Sunday, August 6, 2017

Book Report

 Book Report:  Why we do What We Do
Why we do What We Do
Book Overview: The book I chose for the report is called why we do What We Do written by Edward Deci.  The book primarily focuses on how people can become engaged and successful in pursuing their goals at work, in school or in relationships. In the book, Deci developed a general research design named experimental paradigm for exploring the question of how rewards affect intrinsic motivation. The results demonstrated that when people are encouraged to pursue a task for its own sake, they perform better than those told to do it for a reward. A scientific example in the book is when monetary rewards were involved in the experiment because it demonstrated how quickly students that dependent on rewards shifted their view of the activity from a satisfying activity in its own right to an activity that is used for obtaining rewards, thus losing the excitement they once had for the activity. Throughout the book Deci uses college students as examples and using rewards and punishments to direct people’s motivation. People’s intentions are usually upon rewards, to communicated by the style and location they exhibit when dispensing rewards.

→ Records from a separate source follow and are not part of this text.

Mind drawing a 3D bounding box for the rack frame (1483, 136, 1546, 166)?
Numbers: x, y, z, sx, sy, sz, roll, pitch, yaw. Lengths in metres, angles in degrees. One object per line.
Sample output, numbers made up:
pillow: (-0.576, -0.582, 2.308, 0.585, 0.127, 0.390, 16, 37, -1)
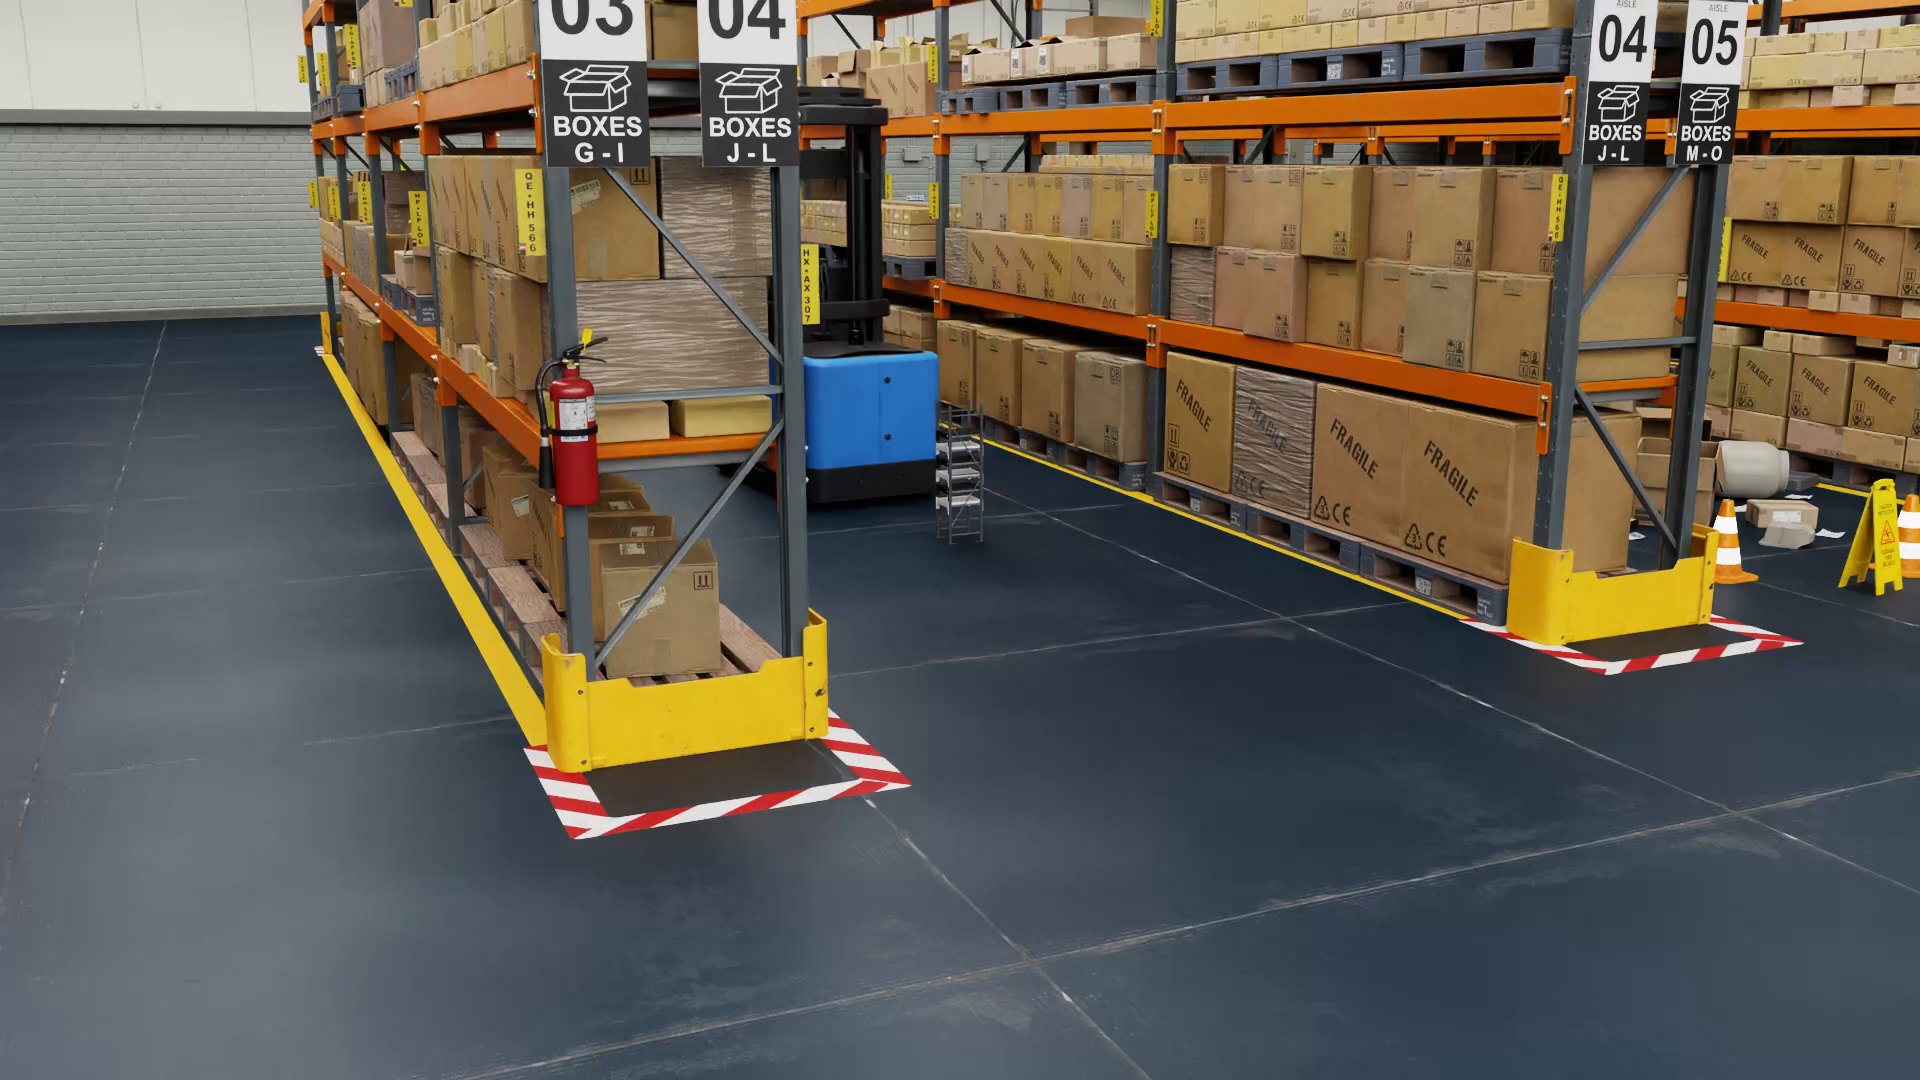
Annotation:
rack frame: (7.695, -4.404, 23.247, 1.000, 3.000, 0.127, -6, 14, -23)

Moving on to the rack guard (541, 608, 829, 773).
rack guard: (-1.156, 0.621, 7.077, 1.175, 0.500, 0.348, -6, 14, -23)

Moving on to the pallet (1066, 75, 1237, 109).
pallet: (1.445, -3.387, 12.626, 0.805, 0.209, 1.217, -6, 14, -25)

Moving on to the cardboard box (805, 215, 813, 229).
cardboard box: (-1.505, -3.538, 18.470, 0.380, 0.149, 0.250, -6, 14, -24)

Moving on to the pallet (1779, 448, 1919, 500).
pallet: (7.147, -0.556, 12.803, 1.003, 0.211, 1.213, -6, 14, -23)

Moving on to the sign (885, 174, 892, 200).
sign: (-0.840, -4.102, 19.374, 0.100, 0.325, 0.005, -6, 14, -23)

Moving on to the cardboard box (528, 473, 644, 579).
cardboard box: (-2.047, -0.069, 9.128, 0.500, 0.500, 0.500, -7, 15, -28)

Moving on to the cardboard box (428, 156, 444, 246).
cardboard box: (-2.780, -1.972, 9.639, 0.500, 0.500, 0.500, -6, 14, -23)

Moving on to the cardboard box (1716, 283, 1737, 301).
cardboard box: (6.334, -2.038, 13.582, 0.380, 0.149, 0.250, -5, 14, -21)

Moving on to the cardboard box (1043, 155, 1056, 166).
cardboard box: (1.434, -5.535, 24.255, 0.380, 0.149, 0.250, -5, 14, -22)

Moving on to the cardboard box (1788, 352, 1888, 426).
cardboard box: (6.773, -1.170, 12.774, 0.500, 0.500, 0.500, -5, 14, -20)

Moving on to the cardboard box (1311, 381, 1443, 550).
cardboard box: (2.773, -0.493, 10.129, 0.875, 0.875, 0.875, -6, 14, -24)

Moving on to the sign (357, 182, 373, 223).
sign: (-4.837, -2.747, 13.518, 0.100, 0.325, 0.005, -6, 14, -23)

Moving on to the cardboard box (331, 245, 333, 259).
cardboard box: (-6.971, -3.289, 18.986, 0.380, 0.149, 0.250, -5, 14, -22)

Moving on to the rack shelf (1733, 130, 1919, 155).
rack shelf: (10.098, -4.275, 17.634, 1.077, 0.370, 4.000, -6, 14, -23)

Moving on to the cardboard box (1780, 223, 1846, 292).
cardboard box: (6.685, -2.173, 12.726, 0.500, 0.500, 0.500, -6, 14, -23)

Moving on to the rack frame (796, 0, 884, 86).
rack frame: (-1.347, -6.410, 18.608, 1.000, 3.000, 0.127, -6, 14, -23)

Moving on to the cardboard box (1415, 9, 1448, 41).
cardboard box: (2.712, -2.796, 9.048, 0.380, 0.149, 0.250, -5, 14, -22)

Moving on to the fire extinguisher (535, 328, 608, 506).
fire extinguisher: (-1.502, -0.478, 6.454, 0.296, 0.674, 0.183, -6, 14, -23)

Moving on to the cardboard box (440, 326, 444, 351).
cardboard box: (-2.917, -1.213, 10.017, 0.380, 0.149, 0.250, -6, 14, -23)

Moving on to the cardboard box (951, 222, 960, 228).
cardboard box: (0.135, -3.062, 16.412, 0.380, 0.149, 0.250, -5, 14, -20)

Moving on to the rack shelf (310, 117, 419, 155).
rack shelf: (-6.733, -4.584, 18.967, 1.077, 0.370, 4.000, -6, 14, -23)

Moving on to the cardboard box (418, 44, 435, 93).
cardboard box: (-2.782, -2.679, 9.475, 0.500, 0.250, 0.500, -6, 14, -25)

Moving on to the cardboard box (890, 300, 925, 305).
cardboard box: (-0.660, -2.340, 17.278, 0.500, 0.250, 0.500, -5, 14, -22)

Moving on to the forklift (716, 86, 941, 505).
forklift: (-1.277, -1.963, 12.853, 1.130, 2.935, 3.031, -7, 15, -27)

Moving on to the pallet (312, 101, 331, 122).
pallet: (-7.228, -5.152, 20.023, 1.003, 0.211, 1.213, -6, 14, -23)

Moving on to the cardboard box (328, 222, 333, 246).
cardboard box: (-6.964, -3.516, 19.084, 0.500, 0.250, 0.500, -6, 14, -24)

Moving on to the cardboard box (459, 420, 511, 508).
cardboard box: (-2.954, -0.533, 11.086, 0.700, 0.500, 0.500, -7, 15, -27)

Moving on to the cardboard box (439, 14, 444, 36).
cardboard box: (-2.621, -2.788, 9.058, 0.380, 0.149, 0.250, -6, 14, -23)

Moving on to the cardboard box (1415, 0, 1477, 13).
cardboard box: (2.808, -2.974, 8.934, 0.500, 0.250, 0.500, -6, 14, -23)

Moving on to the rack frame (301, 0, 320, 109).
rack frame: (-7.534, -6.809, 20.333, 1.000, 3.000, 0.127, -6, 14, -23)

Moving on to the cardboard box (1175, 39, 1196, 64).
cardboard box: (1.692, -3.321, 11.317, 0.380, 0.149, 0.250, -6, 14, -24)

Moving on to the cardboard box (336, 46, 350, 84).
cardboard box: (-6.301, -4.980, 17.706, 0.700, 0.500, 0.500, -7, 15, -26)

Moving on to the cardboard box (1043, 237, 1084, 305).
cardboard box: (0.999, -2.175, 13.395, 0.500, 0.500, 0.500, -5, 14, -22)

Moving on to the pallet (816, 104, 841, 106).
pallet: (-0.779, -4.506, 17.450, 1.213, 0.211, 1.003, -6, 14, -23)

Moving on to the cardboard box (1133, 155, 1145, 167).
cardboard box: (2.518, -5.009, 21.983, 0.380, 0.149, 0.250, -6, 14, -23)

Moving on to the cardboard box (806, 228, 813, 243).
cardboard box: (-1.494, -3.390, 18.489, 0.380, 0.149, 0.250, -5, 14, -22)

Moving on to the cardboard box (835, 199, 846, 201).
cardboard box: (-1.315, -3.806, 19.780, 0.500, 0.500, 0.500, -6, 14, -24)

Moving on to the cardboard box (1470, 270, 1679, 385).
cardboard box: (3.270, -1.154, 8.869, 0.875, 0.550, 0.550, -6, 14, -23)

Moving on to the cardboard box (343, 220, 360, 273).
cardboard box: (-5.977, -2.991, 16.919, 0.500, 0.500, 0.500, -6, 14, -23)

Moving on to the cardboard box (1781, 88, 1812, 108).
cardboard box: (6.571, -3.399, 12.809, 0.380, 0.149, 0.250, -5, 14, -21)

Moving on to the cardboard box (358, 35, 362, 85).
cardboard box: (-5.067, -4.238, 14.724, 0.500, 0.500, 0.500, -5, 14, -20)

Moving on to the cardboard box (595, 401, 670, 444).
cardboard box: (-1.429, -0.499, 6.929, 0.380, 0.149, 0.250, -6, 14, -23)

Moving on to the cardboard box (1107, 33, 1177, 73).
cardboard box: (1.428, -3.607, 12.331, 0.500, 0.250, 0.500, -5, 14, -22)

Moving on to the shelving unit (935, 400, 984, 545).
shelving unit: (-0.003, -0.440, 10.776, 0.258, 0.900, 0.210, -6, 14, -23)

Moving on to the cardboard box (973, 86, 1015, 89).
cardboard box: (0.270, -4.313, 15.978, 0.500, 0.500, 0.500, -6, 14, -23)

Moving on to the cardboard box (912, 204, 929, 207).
cardboard box: (-0.280, -3.417, 17.288, 0.380, 0.149, 0.250, -5, 14, -21)

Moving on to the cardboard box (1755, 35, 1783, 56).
cardboard box: (6.408, -3.829, 12.897, 0.380, 0.149, 0.250, -6, 14, -25)

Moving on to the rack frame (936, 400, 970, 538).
rack frame: (-0.044, -0.461, 10.866, 0.240, 0.900, 0.006, -6, 14, -23)

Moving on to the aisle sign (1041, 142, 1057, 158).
aisle sign: (1.251, -6.037, 24.535, 0.394, 0.787, 0.004, -6, 14, -23)

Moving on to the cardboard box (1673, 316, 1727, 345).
cardboard box: (8.931, -2.633, 20.204, 0.500, 0.500, 0.500, -5, 14, -21)

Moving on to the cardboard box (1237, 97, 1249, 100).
cardboard box: (3.334, -5.214, 19.681, 0.380, 0.166, 0.250, -7, 15, -27)

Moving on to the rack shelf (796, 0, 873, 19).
rack shelf: (-2.148, -6.471, 20.475, 1.077, 0.370, 4.000, -6, 14, -23)

The book relates to the powerpoint slides involving self-control. It discusses about
explains does well to deconstruct many counterproductive things almost all of us do achieve our goals and use scientific findings to show what works and what doesn’t.

Deci experiments has caught my attention, in which I could relate from my point of view on my work place. My job is a passion I enjoy doing not because of money but it’s something that time goes by so quickly and the reward of keeping my community safe it a great feeling. This relates to one of Deci experiments, mentioning two groups. Group A were assigned to do a specific puzzle and group B was given an option of choosing their puzzle and could spend as much time. The results shown was group B had an amazing outcome on time due to the fact they choose the puzzle they liked. In which I’m an officer and spend more time at work then home due to the passion that I have on my career.

The behaviorist’s answer is any lack of motivation could be attributed to inadequate reward contingencies. For example, people begin to see the activities merely as instruments for attainment of monetary rewards, so they lose the excitement and vitality they once had for the activities.When people say that money motivates, what they really mean is that money controls.People perform less well at problem solving when they are working for an extrinsic reward than when they are intrinsically motivated.